---
title: "Introduction to Probability and Statistics"
output:
ioslides_presentation:
smaller: true
---
```{r setup, include=FALSE}
knitr::opts_chunk$set(echo = TRUE)
```
## Outline
- Give a brief overview of probabilty and statistics need for data analytics
## Summary Statistics
A few common summary statistics for interpretting data are:
- **mean**: Average value
- **median**: 50th percentile (middle) value
- **mode**: Most frequently occuring value
- **minimum**: Minimum value
- **maximum**: Maximum value
- **range**: Distance from largest to smallest value
- **standard deviation**: Measures spread of data
## Example with Passing Yard of Aaron Rodgers
Below we create a vector where each element consists of seasonal passing yards of Aaron Rodgers of the Green Bay Packers over his 12 year career, that is, upto the 2017-2018 NFL season .
```{r}
passing.yards.ar <- c(65,46,218,4038,4434,3922,4643,4295,2536,4381,3821,4428)
passing.yards.ar
```
```{r}
mean(passing.yards.ar) # Mean
median(passing.yards.ar) # Median
```
##
```{r}
mode(passing.yards.ar) # Mode
min(passing.yards.ar) # Min
max(passing.yards.ar) # Max
range(passing.yards.ar) # Range
sd(passing.yards.ar) # Standard deviation
```
## Median vs. Mean
Both are statistics measures that try to understand the central tendency of a set of data points. In some cases, using one is better than the other.
## Example Median vs. Mean
Let's take Aaron Rodgers first 4 years in the NFL. Which value would be a more accurate indicator of his passing ability in his first 4 years?
```{r}
passing.yards.ar.4 <- passing.yards.ar[1:4] # Selects first 4 elements
passing.yards.ar.4
median(passing.yards.ar.4) # Median
mean(passing.yards.ar.4) # Mean
```
##
Certainly an average is a popular and most natural measure of a midpoint. However, it suffers because it can be greatly affected if there is one value that is significantly higher or lower than the other data points. This is an example of why one may choose the median over the mean.
## Your Turn
1. Apply the `summary()` function to Aaron Rodgers' passing yard over 12 years.
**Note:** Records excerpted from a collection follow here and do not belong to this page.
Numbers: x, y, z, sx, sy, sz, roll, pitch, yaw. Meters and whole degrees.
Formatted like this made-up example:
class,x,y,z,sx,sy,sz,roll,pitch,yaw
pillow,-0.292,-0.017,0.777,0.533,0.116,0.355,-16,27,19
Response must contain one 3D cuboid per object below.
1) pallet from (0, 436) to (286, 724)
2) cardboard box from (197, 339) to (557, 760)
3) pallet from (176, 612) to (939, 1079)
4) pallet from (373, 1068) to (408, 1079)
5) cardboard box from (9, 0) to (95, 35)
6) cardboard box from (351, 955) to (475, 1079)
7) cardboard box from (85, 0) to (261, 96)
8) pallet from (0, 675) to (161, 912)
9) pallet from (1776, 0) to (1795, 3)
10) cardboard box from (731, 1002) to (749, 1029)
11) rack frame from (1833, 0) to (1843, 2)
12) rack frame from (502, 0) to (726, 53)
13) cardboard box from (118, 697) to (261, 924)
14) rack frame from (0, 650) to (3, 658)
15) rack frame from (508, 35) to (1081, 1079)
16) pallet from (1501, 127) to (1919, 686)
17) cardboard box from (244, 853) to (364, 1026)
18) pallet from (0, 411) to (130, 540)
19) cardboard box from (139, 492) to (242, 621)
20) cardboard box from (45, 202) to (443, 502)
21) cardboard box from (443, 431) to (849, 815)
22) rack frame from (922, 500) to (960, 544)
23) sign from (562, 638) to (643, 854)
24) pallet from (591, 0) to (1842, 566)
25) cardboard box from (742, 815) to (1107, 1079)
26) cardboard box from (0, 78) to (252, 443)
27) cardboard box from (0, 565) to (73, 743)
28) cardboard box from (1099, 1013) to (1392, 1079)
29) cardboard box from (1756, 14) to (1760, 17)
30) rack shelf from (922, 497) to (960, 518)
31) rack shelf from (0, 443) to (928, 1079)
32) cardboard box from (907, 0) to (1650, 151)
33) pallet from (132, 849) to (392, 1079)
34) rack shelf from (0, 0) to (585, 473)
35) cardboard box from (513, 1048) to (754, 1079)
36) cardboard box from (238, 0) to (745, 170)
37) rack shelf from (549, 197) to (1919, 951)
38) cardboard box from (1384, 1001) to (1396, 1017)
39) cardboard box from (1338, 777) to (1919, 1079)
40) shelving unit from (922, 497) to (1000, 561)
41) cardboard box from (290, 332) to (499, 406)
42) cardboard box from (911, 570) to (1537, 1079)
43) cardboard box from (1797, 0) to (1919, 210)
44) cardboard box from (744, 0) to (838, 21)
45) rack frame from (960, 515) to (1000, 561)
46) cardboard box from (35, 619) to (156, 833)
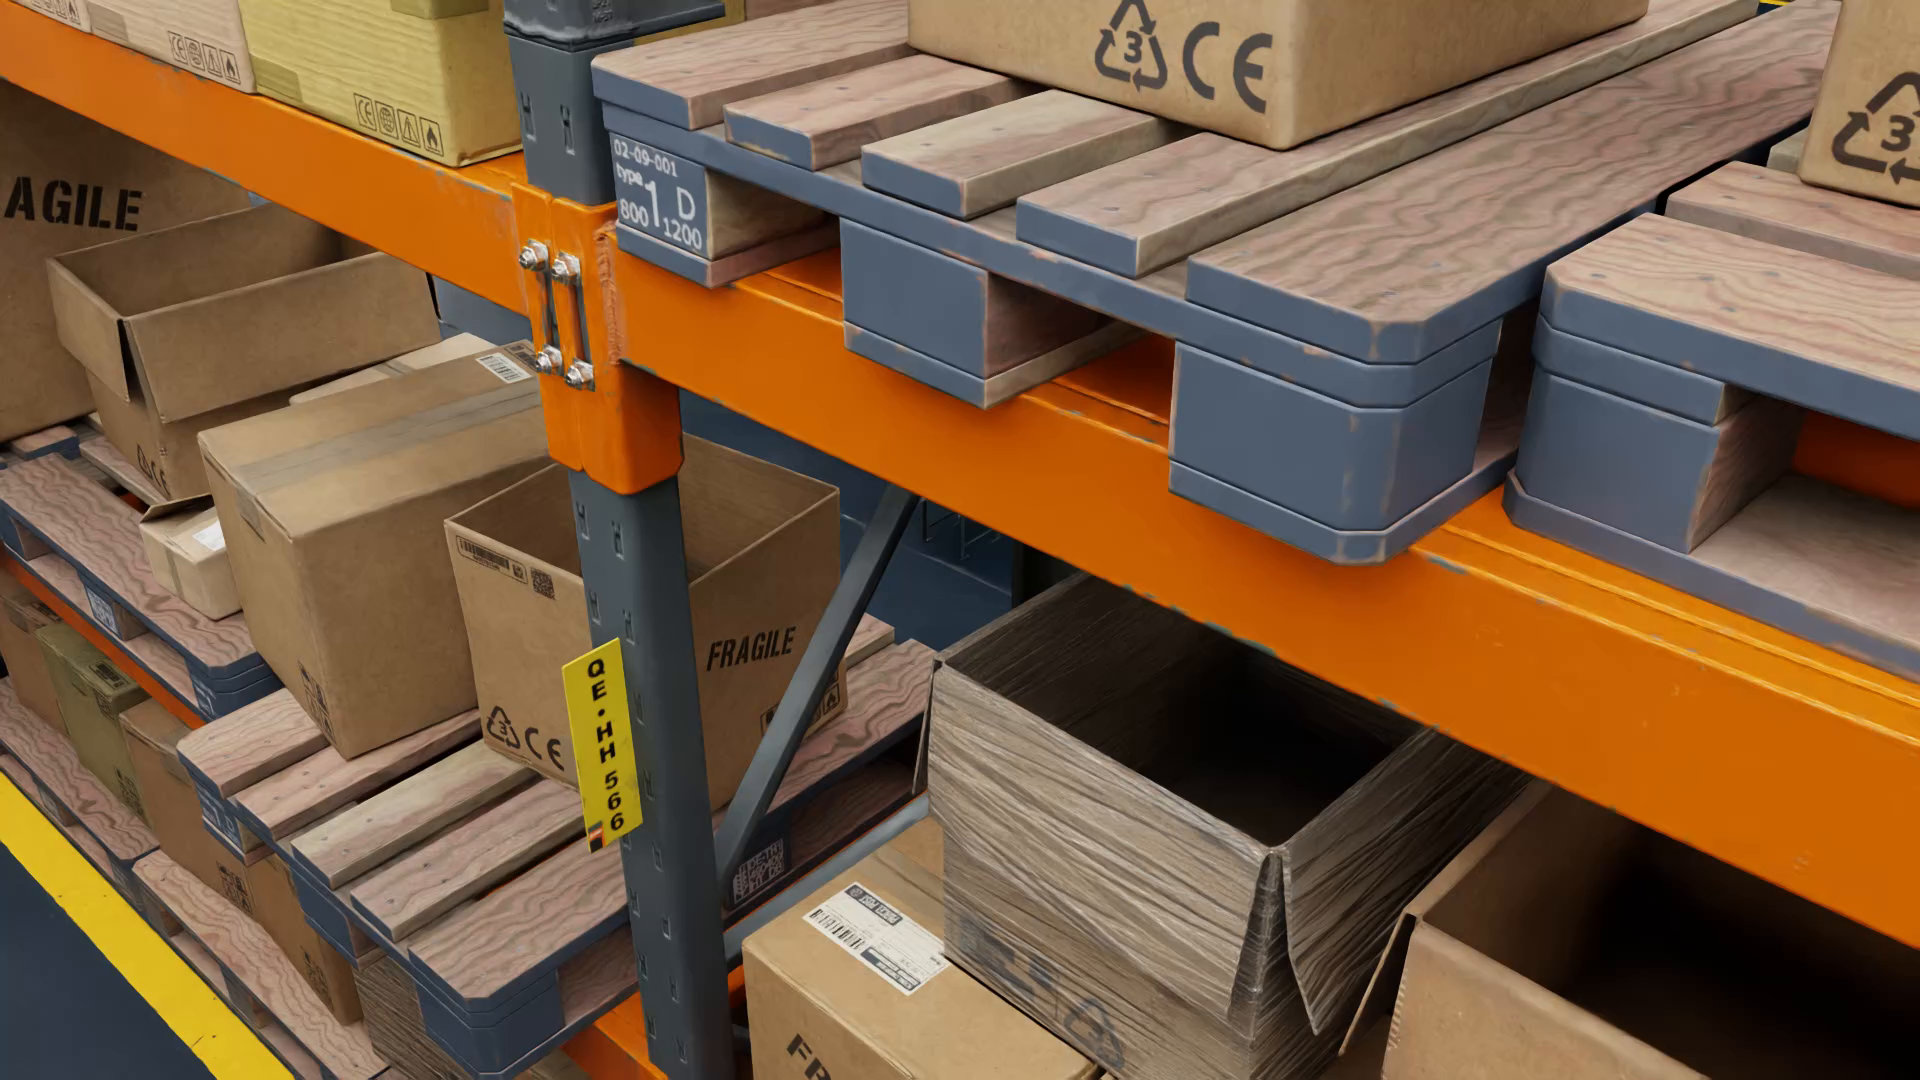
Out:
class,x,y,z,sx,sy,sz,roll,pitch,yaw
pallet,-1.631,-0.047,4.106,1.213,0.211,1.003,25,39,35
cardboard box,-1.044,-0.009,3.353,0.700,0.500,0.500,-23,38,-33
pallet,-0.735,0.417,3.336,1.003,0.211,1.213,25,39,35
pallet,-0.714,1.464,4.114,1.213,0.211,1.003,25,39,35
cardboard box,-1.400,-1.093,2.894,0.500,0.250,0.500,26,40,36
cardboard box,-1.066,1.011,4.159,0.500,0.500,0.700,21,37,31
cardboard box,-1.030,-0.918,2.603,0.500,0.250,0.500,25,39,35
pallet,-2.523,0.619,5.516,1.213,0.211,1.003,25,39,35
pallet,7.448,-5.063,14.955,1.213,0.211,1.003,25,39,35
cardboard box,-0.653,0.881,3.648,0.500,0.250,0.500,27,40,37
rack frame,3.188,-1.354,6.090,0.127,3.000,1.000,25,39,35
rack frame,-0.136,-2.030,1.397,0.127,3.000,1.000,25,39,35
cardboard box,-1.904,0.625,4.801,0.500,0.500,0.700,21,37,31
rack frame,-3.101,-0.844,5.244,0.127,3.000,1.000,25,39,35
rack frame,-0.136,0.540,2.944,0.127,3.000,1.000,25,39,35
pallet,1.208,-0.075,1.242,1.213,0.211,1.003,27,40,37
cardboard box,-1.491,0.818,4.480,0.700,0.500,0.500,-26,39,-36
pallet,-2.632,-0.442,4.761,1.213,0.211,1.003,25,39,35
cardboard box,-1.553,-0.056,3.658,0.258,0.266,0.396,24,38,34
cardboard box,-1.754,-0.504,4.171,0.797,0.503,0.637,-25,39,-35
cardboard box,-0.563,0.146,3.095,0.500,0.500,0.500,20,36,29
rack frame,-0.069,-0.418,6.572,0.006,0.900,0.240,25,39,35
sign,-0.493,0.289,2.316,0.005,0.325,0.100,25,39,35
pallet,0.377,-0.461,1.883,1.003,0.211,1.213,27,40,37
cardboard box,0.042,0.770,2.466,0.500,0.500,0.500,26,40,36
cardboard box,-2.606,-0.952,4.435,1.000,1.000,1.000,25,39,35
cardboard box,-2.661,0.259,5.408,0.500,0.500,0.700,22,37,32
cardboard box,0.426,0.947,2.171,0.500,0.500,0.500,24,38,34
cardboard box,5.170,-3.316,11.065,0.500,0.311,0.500,24,39,35
rack shelf,0.006,-0.200,6.623,0.200,0.077,0.258,25,39,35
rack shelf,-1.618,0.156,4.279,4.000,0.370,1.077,25,39,35
cardboard box,0.365,-0.785,1.731,0.797,0.503,0.637,-27,40,-37
pallet,-1.614,1.042,4.815,1.213,0.211,1.003,25,39,35
rack shelf,-1.618,-1.129,3.506,4.000,0.370,1.077,25,39,35
cardboard box,-0.646,1.198,3.848,0.500,0.500,0.700,23,38,33
cardboard box,-0.653,-0.751,2.327,0.500,0.250,0.500,25,39,35
rack shelf,1.347,0.256,1.206,4.000,0.370,1.077,25,39,35
cardboard box,0.762,0.748,2.502,0.500,0.500,0.500,25,39,35
cardboard box,0.877,0.554,1.853,0.637,0.503,0.797,26,40,36
shelving unit,0.006,-0.383,6.513,0.210,0.900,0.258,25,39,35
cardboard box,-1.224,-0.243,3.984,0.500,0.250,0.500,24,38,34
cardboard box,0.396,0.327,2.229,0.637,0.503,0.797,27,40,37
cardboard box,1.064,-0.519,1.291,0.500,0.500,0.500,-27,40,-37
cardboard box,-0.313,-0.941,2.641,0.500,0.250,0.500,26,40,36
rack frame,0.081,-0.348,6.455,0.006,0.900,0.240,25,39,35
cardboard box,-2.320,0.431,5.122,0.500,0.500,0.700,25,39,35

2. Based on Aaron Rodger's passing yard values, would take the mean or mode to be a better estimate of his career passing yards?
## Answers
### 1.
```{r}
summary(passing.yards.ar)
```
### 2.
From a statistical point of view, I would take his median value of 3980. This is because his first 3 years are not a real representation of his passing yardage because of lack of playing time. He is consistently around 4000 passing yards each season.
## Confidence Intervals
A confidence interval is a range of values such that a true mean will lie inside the interval with a high probability.
## Example of Confidence Interval with Passing Yards of Brett Favre
Below we create a vector where each element consists of seasonal passing yards of Brett Favre over his entire career.
```{r}
# Create vector of Brett Favre's passing yards
passing.yards.bf <- c(0,3227,3303,3882,4413,3899,3867,4212,4091,
3812,3921,3658,3361,4088,3881,3885,4155,
3472,4202,2509)
passing.yards.bf
```
##
Computing the confidence interval along with other values:
```{r}
t.test(passing.yards.bf)
```
Keeping our eyes on the important part, we see our confidence interval is `(3146.78,4037.02)`. From this, since $p<.05$, we can say that we are 95% sure that true mean of Brett Favre's career passing yards will lie in this interval.
## Comparing Brett Favre and Aaron Rodgers
We can use the `t.test(x,y)` function with two inputs to quickly compute the means of two lists.
```{r}
t.test(passing.yards.bf,passing.yards.ar)
```
Without going into too much detail about the statistics. Looking at the means of $x$, Brett Favre, and $y$, Aaron Rodgers, we can see that there is a clear difference between the two.
## Your Turn
Number of interceptions from Aaron Rodgers and Brett Favre by season:
```{r}
intercepts.ar <- c(1,0,0,13,7,11,6,8,6,5,8,7) # Aaron Rodgers
intercepts.bf <- c(2,13,24,14,13,13,16,23,23, # Brett Favre
16,15,16,21,17,29,18,15,22,7,19)
```
1. What is the 95% confidence interval for Aaron Rodgers' and Brett Favre's mean interceptions per season?
2. Is there a clear difference in the number of interceptions between the two?
## Answers
### 1.
```{r}
t.test(intercepts.ar)
```
##
```{r}
t.test(intercepts.bf)
```
Aaron Rodgers is `(3.4,8.6)`.
Brett Favre is `(14.0,19.6)`.
##
### 2.
```{r}
t.test(intercepts.ar,intercepts.bf)
```
There is a clear distinction between their average number of interceptions!